----- Entries provided

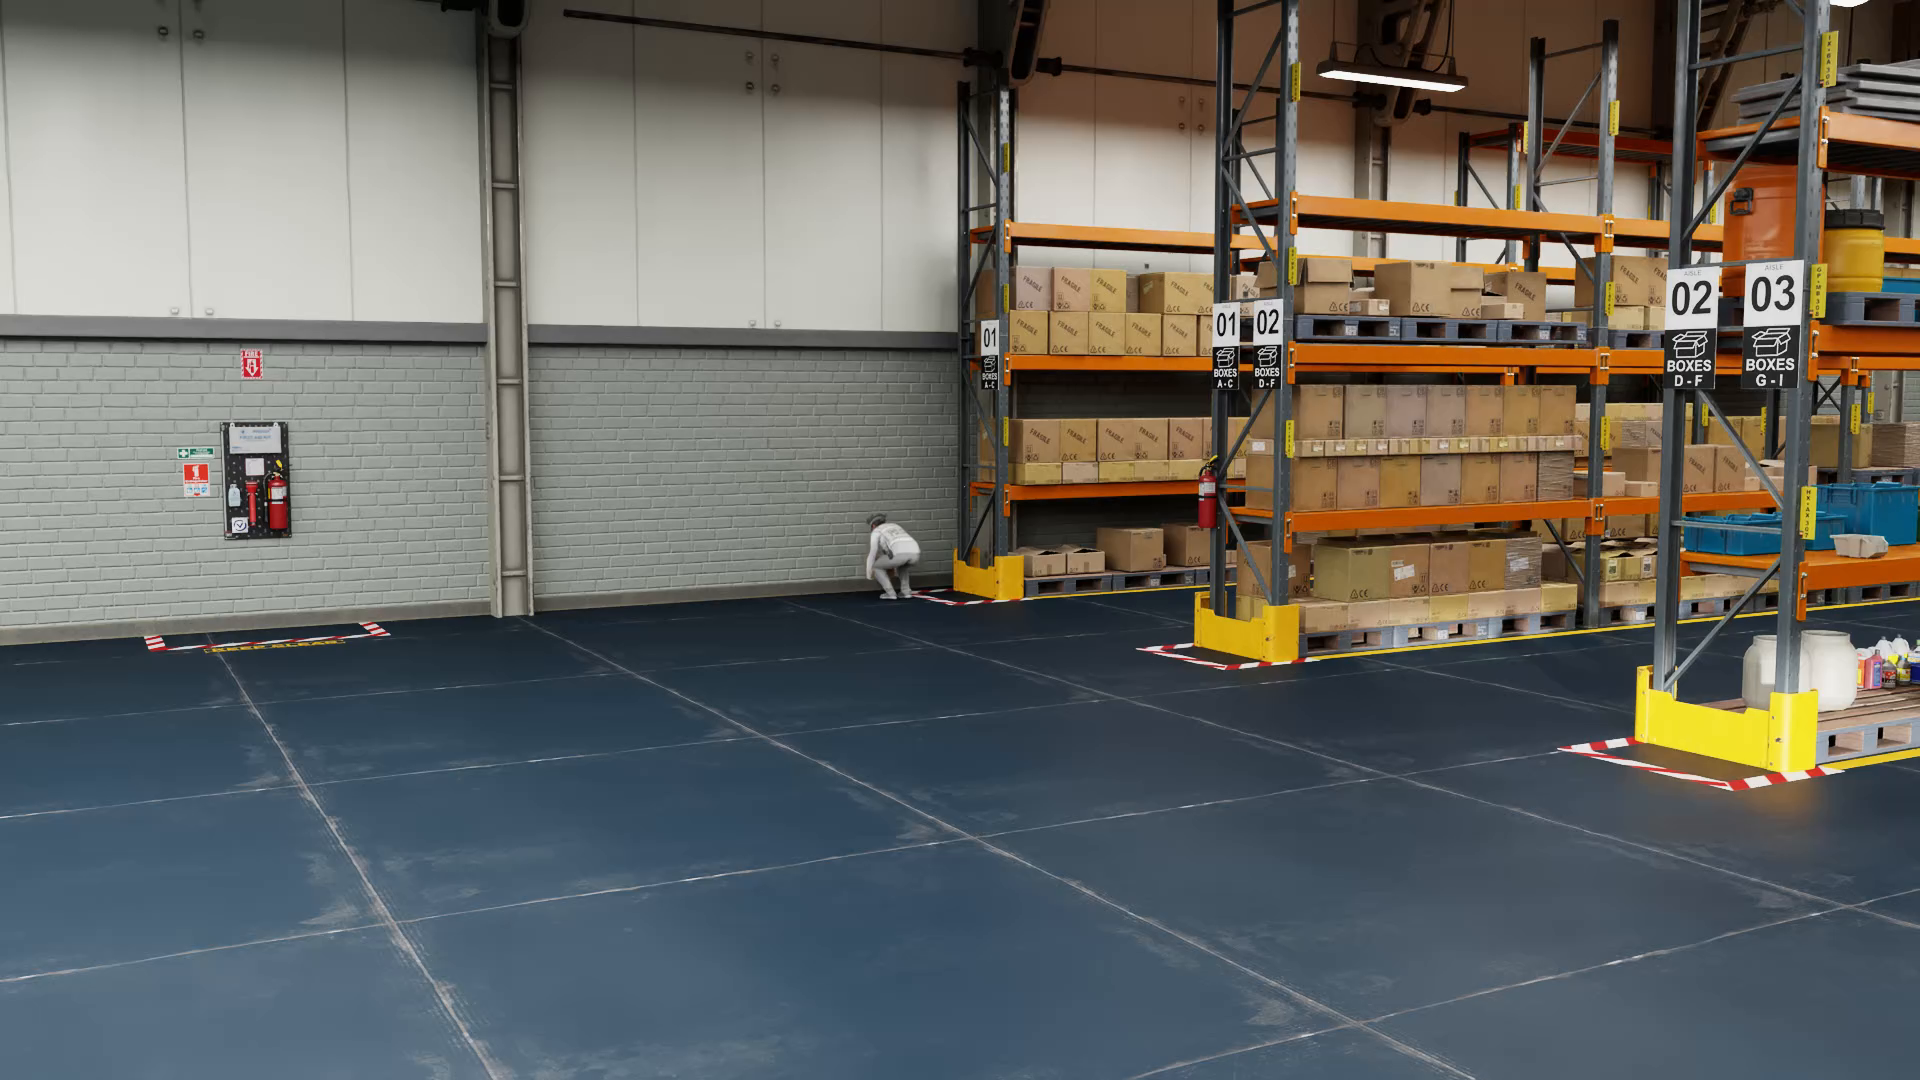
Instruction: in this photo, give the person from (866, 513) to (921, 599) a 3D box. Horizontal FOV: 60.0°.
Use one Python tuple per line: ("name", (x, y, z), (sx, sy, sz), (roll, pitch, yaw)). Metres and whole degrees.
("person", (-0.792, 0.186, 19.300), (0.453, 0.985, 0.857), (-3, 6, -30))
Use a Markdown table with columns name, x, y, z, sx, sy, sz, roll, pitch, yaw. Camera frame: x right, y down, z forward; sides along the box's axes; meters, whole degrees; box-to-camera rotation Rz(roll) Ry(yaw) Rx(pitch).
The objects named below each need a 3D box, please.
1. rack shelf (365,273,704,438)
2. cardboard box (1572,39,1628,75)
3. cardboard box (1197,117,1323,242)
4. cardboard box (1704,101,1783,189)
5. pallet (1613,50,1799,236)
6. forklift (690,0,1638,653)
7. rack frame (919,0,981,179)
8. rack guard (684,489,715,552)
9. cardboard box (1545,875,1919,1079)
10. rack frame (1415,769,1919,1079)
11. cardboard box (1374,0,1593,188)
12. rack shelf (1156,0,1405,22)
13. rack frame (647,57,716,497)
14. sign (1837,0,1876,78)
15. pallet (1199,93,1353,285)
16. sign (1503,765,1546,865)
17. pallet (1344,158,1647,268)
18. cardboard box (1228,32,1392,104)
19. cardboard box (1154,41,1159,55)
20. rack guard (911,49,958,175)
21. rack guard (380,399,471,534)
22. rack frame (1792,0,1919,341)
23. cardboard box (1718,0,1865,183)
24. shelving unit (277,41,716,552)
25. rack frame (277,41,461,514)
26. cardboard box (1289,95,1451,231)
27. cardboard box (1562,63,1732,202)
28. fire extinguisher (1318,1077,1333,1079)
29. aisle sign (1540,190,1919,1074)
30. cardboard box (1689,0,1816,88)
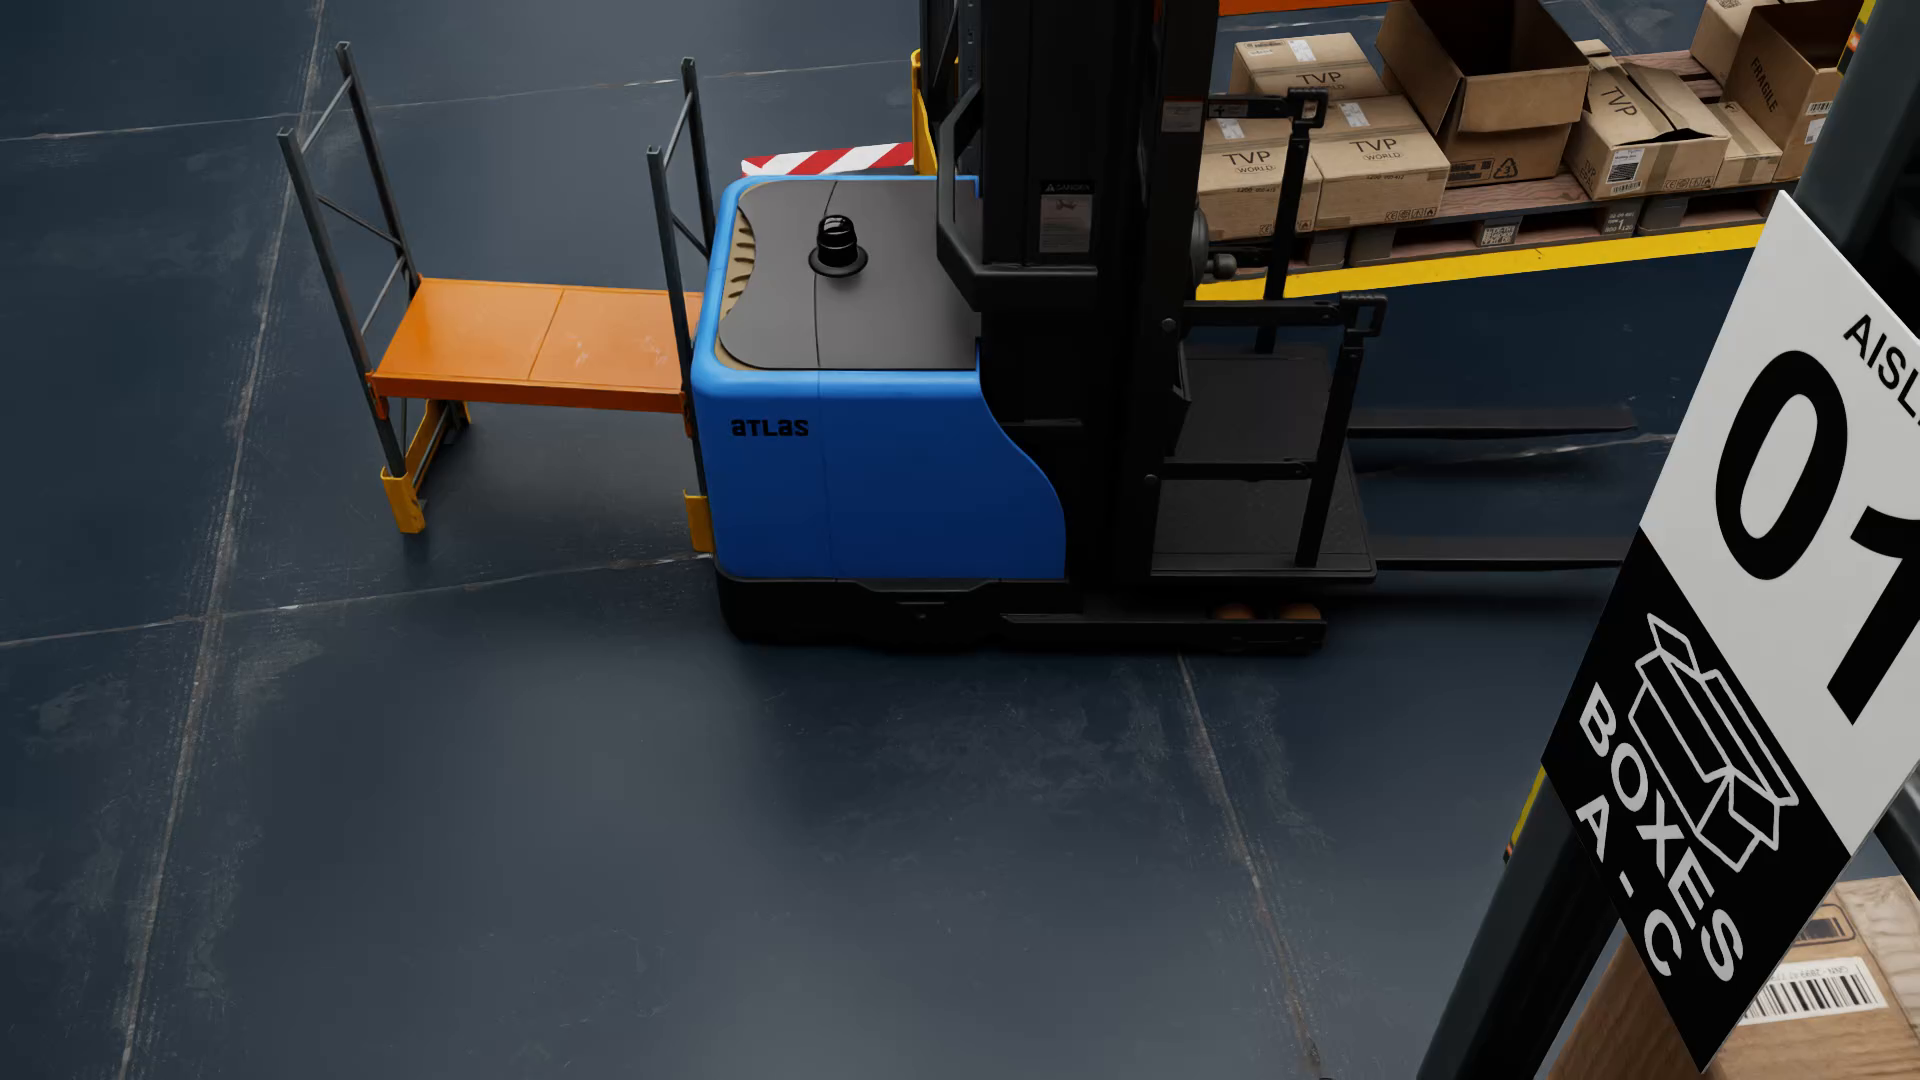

----------

- _What the exercise asks_
Retype the records above, but only those lines that fall between the line containing "7. rack frame (919,0,981,179)" and the line containing "13. rack frame (647,57,716,497)", with both of those lines included, exactly as written.

- _Reply to the exercise_
7. rack frame (919,0,981,179)
8. rack guard (684,489,715,552)
9. cardboard box (1545,875,1919,1079)
10. rack frame (1415,769,1919,1079)
11. cardboard box (1374,0,1593,188)
12. rack shelf (1156,0,1405,22)
13. rack frame (647,57,716,497)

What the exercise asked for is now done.